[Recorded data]

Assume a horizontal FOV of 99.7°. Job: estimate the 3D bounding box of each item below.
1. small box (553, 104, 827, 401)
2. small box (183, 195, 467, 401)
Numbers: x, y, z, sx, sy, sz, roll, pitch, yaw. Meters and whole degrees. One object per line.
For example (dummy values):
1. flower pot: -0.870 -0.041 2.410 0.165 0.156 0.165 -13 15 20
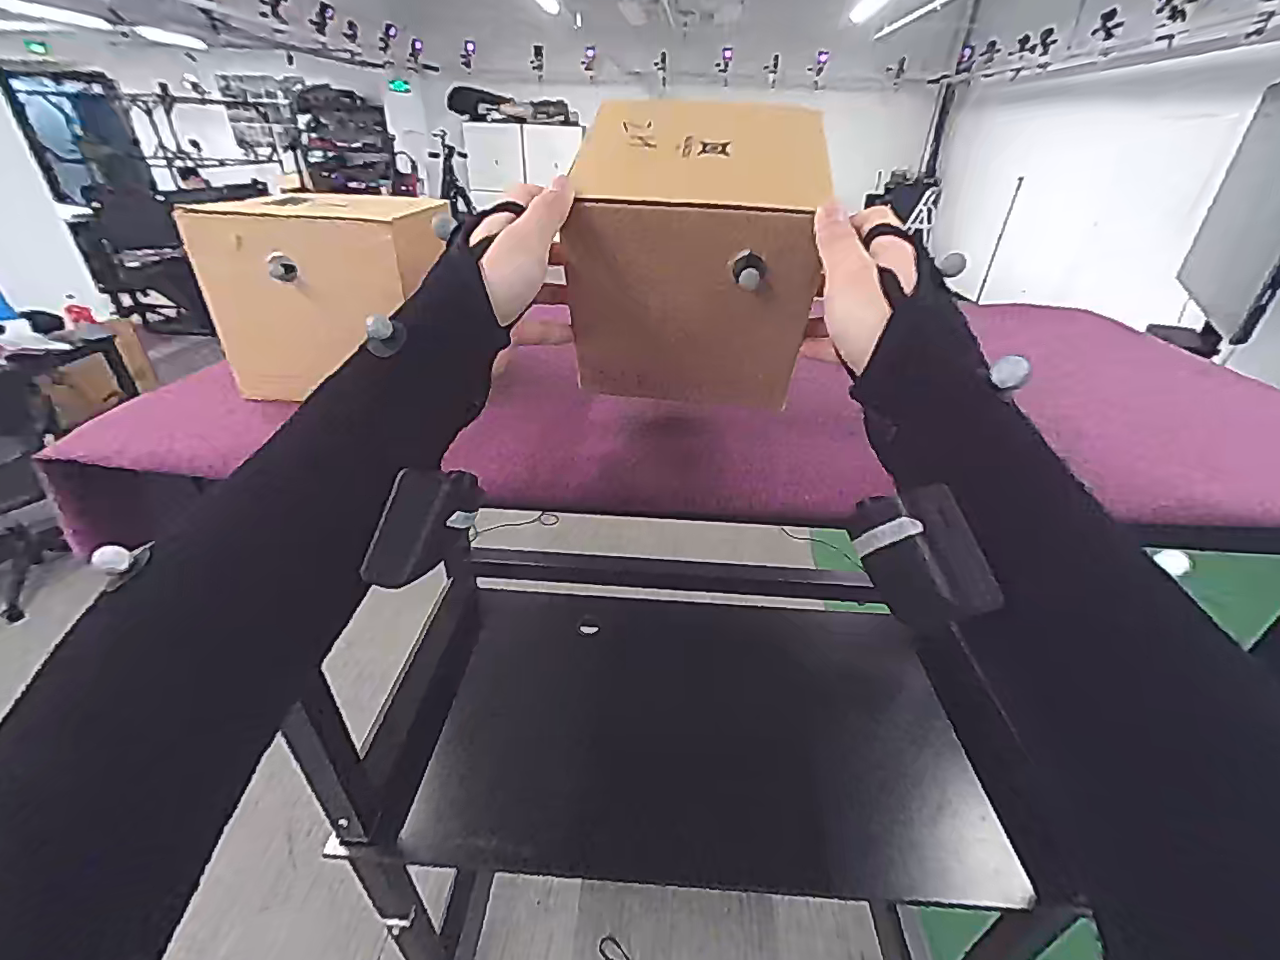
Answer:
1. small box: 0.043 -0.184 0.450 0.179 0.176 0.168 6 52 7
2. small box: -0.292 -0.188 0.551 0.179 0.176 0.168 3 32 -1
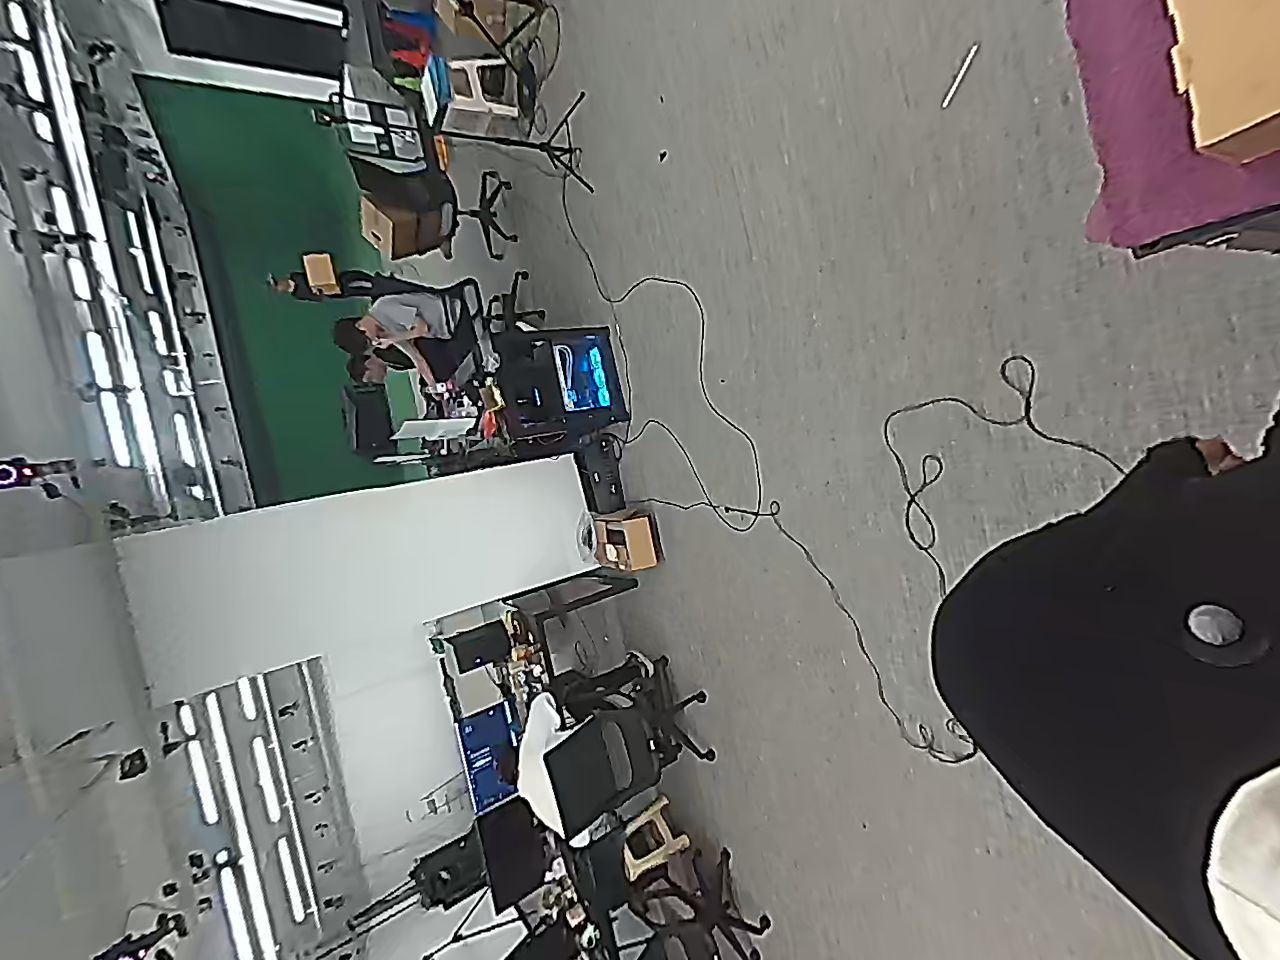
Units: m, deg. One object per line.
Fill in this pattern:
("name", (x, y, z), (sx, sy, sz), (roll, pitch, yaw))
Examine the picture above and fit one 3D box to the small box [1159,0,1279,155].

*REQUIREMENT:*
Above are the records; print them all exactly and keep the pictures out.

*ANSWER BELOW:*
Assume a horizontal FOV of 99.7°. Job: estimate the 3D bounding box of each item below.
1. small box (553, 104, 827, 401)
2. small box (183, 195, 467, 401)
Numbers: x, y, z, sx, sy, sz, roll, pitch, yaw. Meters and whole degrees. One object per line.
For example (dummy values):
1. flower pot: -0.870 -0.041 2.410 0.165 0.156 0.165 -13 15 20
Answer:
1. small box: 0.043 -0.184 0.450 0.179 0.176 0.168 6 52 7
2. small box: -0.292 -0.188 0.551 0.179 0.176 0.168 3 32 -1
Units: m, deg. One object per line.
Fill in this pattern:
("name", (x, y, z), (sx, sy, sz), (roll, pitch, yaw))
Examine the picture above and fit one 3D box to the small box [1159,0,1279,155].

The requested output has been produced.